- [TASK STATEMENT]: Omit the images and retype the records verbatim.

- [ENTRIES SUPPLIED]:
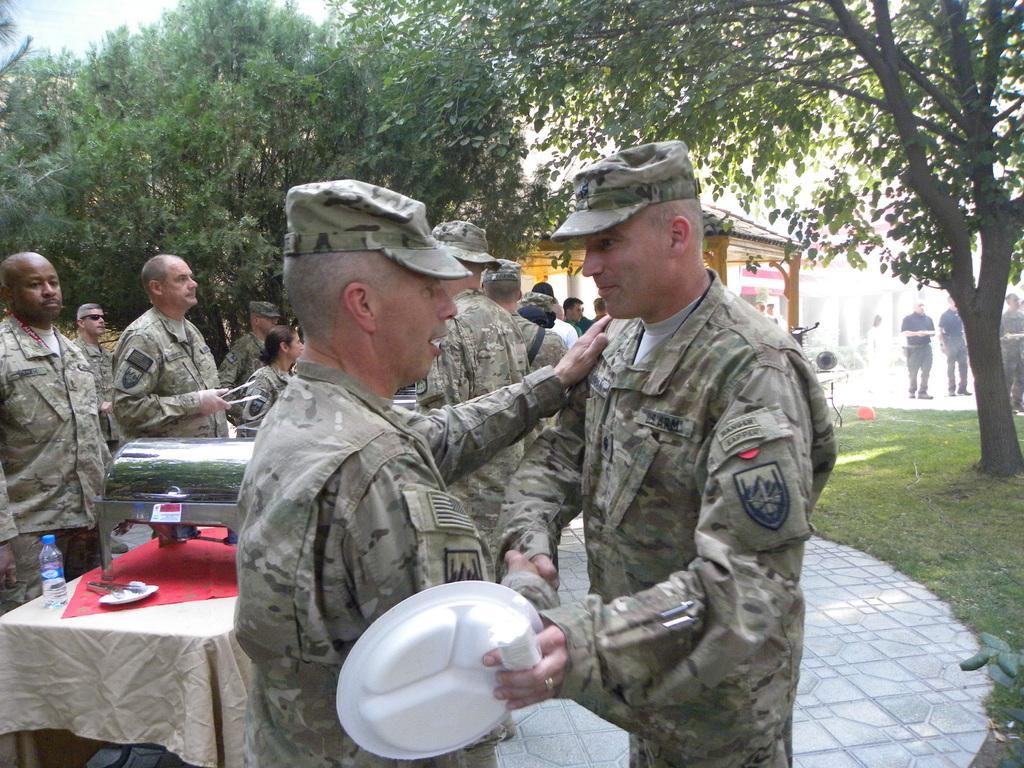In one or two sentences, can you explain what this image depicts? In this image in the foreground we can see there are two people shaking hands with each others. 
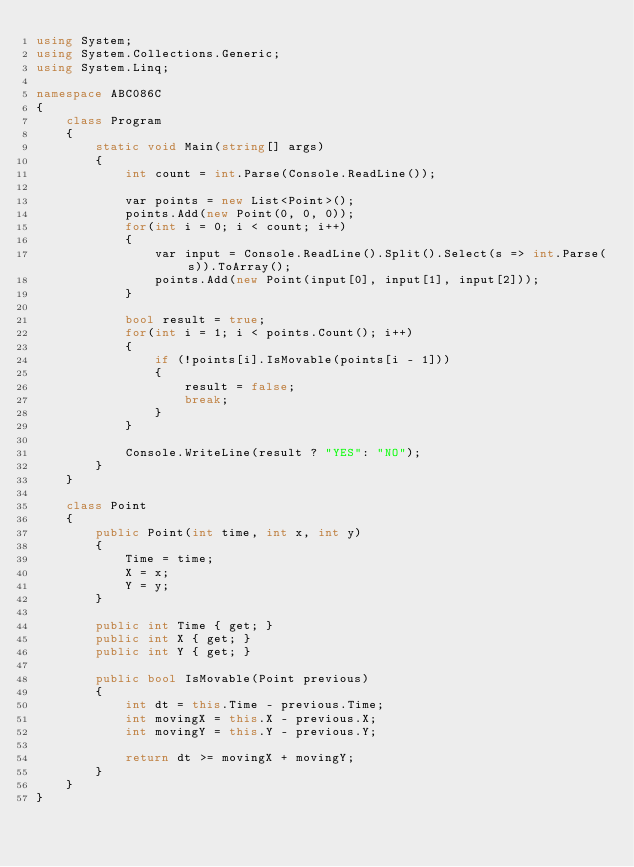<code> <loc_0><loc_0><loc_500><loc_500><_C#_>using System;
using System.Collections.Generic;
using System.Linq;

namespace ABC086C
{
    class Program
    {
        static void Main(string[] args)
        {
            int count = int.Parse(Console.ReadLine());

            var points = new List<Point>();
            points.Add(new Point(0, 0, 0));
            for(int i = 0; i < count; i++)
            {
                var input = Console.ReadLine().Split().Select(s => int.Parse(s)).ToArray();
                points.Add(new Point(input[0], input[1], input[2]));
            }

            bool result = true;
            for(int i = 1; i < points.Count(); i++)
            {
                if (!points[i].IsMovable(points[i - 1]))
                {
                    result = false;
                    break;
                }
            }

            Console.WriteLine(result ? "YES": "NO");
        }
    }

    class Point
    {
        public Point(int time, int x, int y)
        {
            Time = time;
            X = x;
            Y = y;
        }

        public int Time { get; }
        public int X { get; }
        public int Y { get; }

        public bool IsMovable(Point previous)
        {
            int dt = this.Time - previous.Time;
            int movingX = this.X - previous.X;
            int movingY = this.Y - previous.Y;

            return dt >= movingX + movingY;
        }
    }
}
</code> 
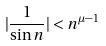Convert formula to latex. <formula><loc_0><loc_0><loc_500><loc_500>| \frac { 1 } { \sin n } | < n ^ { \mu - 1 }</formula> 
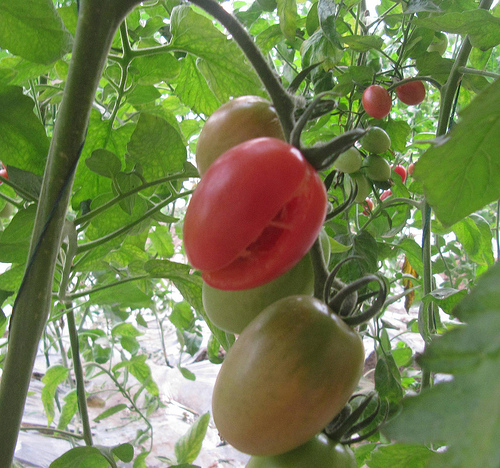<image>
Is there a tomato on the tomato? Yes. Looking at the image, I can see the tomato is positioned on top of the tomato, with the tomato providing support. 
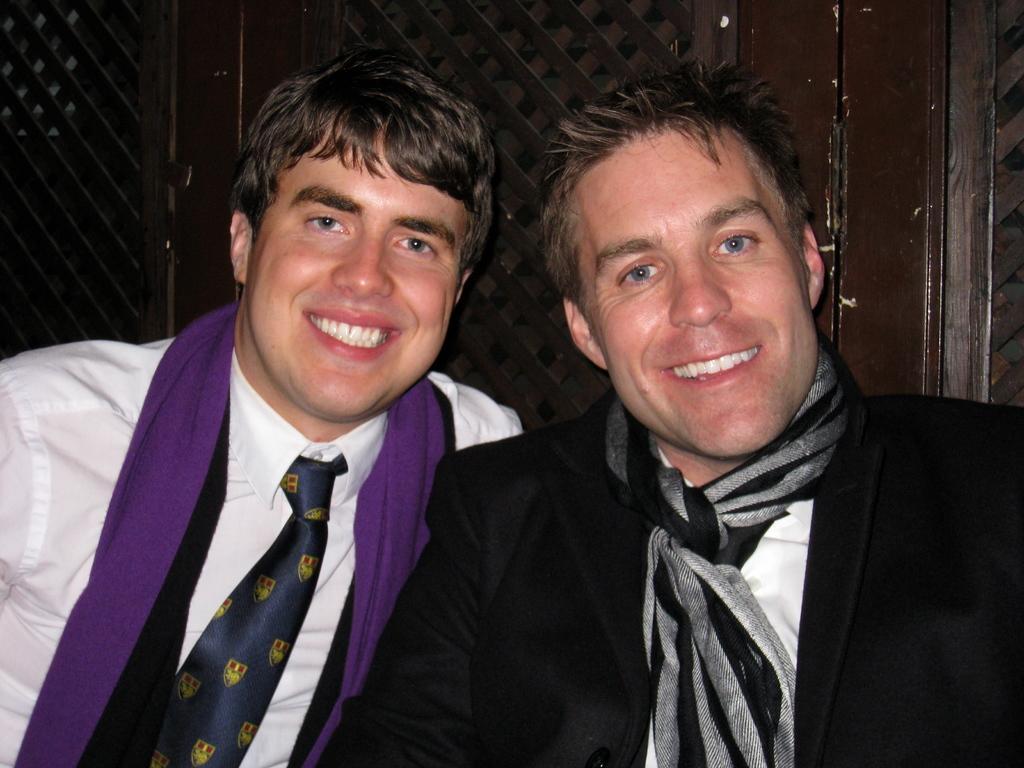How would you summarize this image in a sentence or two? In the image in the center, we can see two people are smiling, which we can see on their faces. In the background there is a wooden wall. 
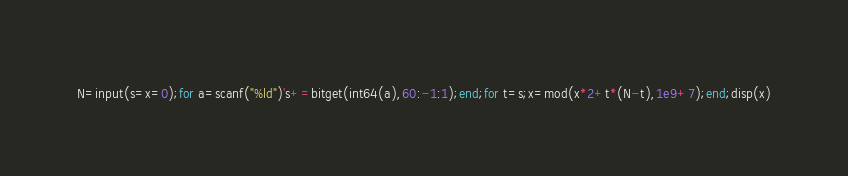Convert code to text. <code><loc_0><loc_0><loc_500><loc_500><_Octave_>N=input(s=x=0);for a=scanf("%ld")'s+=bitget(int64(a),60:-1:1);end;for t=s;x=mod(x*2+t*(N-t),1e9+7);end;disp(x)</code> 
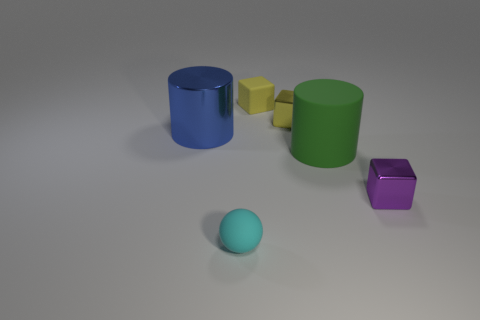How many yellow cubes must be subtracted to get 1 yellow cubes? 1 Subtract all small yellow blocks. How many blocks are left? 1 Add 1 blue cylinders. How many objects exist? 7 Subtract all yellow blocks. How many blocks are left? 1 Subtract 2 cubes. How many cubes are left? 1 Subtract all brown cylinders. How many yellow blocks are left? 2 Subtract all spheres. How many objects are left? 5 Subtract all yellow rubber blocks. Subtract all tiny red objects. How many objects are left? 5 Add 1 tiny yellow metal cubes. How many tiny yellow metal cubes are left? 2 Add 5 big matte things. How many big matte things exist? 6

- [RESPONSE TO THE EXERCISE]:
In one or two sentences, can you explain what this image depicts? In this image in the foreground we can see there are two people shaking hands with each others. 
<code> <loc_0><loc_0><loc_500><loc_500><_C#_>using System;
using System.Collections.Generic;
using System.Linq;

namespace ABC086C
{
    class Program
    {
        static void Main(string[] args)
        {
            int count = int.Parse(Console.ReadLine());

            var points = new List<Point>();
            points.Add(new Point(0, 0, 0));
            for(int i = 0; i < count; i++)
            {
                var input = Console.ReadLine().Split().Select(s => int.Parse(s)).ToArray();
                points.Add(new Point(input[0], input[1], input[2]));
            }

            bool result = true;
            for(int i = 1; i < points.Count(); i++)
            {
                if (!points[i].IsMovable(points[i - 1]))
                {
                    result = false;
                    break;
                }
            }

            Console.WriteLine(result ? "YES": "NO");
        }
    }

    class Point
    {
        public Point(int time, int x, int y)
        {
            Time = time;
            X = x;
            Y = y;
        }

        public int Time { get; }
        public int X { get; }
        public int Y { get; }

        public bool IsMovable(Point previous)
        {
            int dt = this.Time - previous.Time;
            int movingX = this.X - previous.X;
            int movingY = this.Y - previous.Y;

            return dt >= movingX + movingY;
        }
    }
}
</code> 
Convert formula to latex. <formula><loc_0><loc_0><loc_500><loc_500>| \frac { 1 } { \sin n } | < n ^ { \mu - 1 }</formula> 
<image>
Is there a tomato on the tomato? Yes. Looking at the image, I can see the tomato is positioned on top of the tomato, with the tomato providing support. 
How would you summarize this image in a sentence or two? In the image in the center, we can see two people are smiling, which we can see on their faces. In the background there is a wooden wall. 
Convert code to text. <code><loc_0><loc_0><loc_500><loc_500><_Octave_>N=input(s=x=0);for a=scanf("%ld")'s+=bitget(int64(a),60:-1:1);end;for t=s;x=mod(x*2+t*(N-t),1e9+7);end;disp(x)</code> 
How many yellow cubes must be subtracted to get 1 yellow cubes? 1 Subtract all small yellow blocks. How many blocks are left? 1 Add 1 blue cylinders. How many objects exist? 7 Subtract all yellow blocks. How many blocks are left? 1 Subtract 2 cubes. How many cubes are left? 1 Subtract all brown cylinders. How many yellow blocks are left? 2 Subtract all spheres. How many objects are left? 5 Subtract all yellow rubber blocks. Subtract all tiny red objects. How many objects are left? 5 Add 1 tiny yellow metal cubes. How many tiny yellow metal cubes are left? 2 Add 5 big matte things. How many big matte things exist? 6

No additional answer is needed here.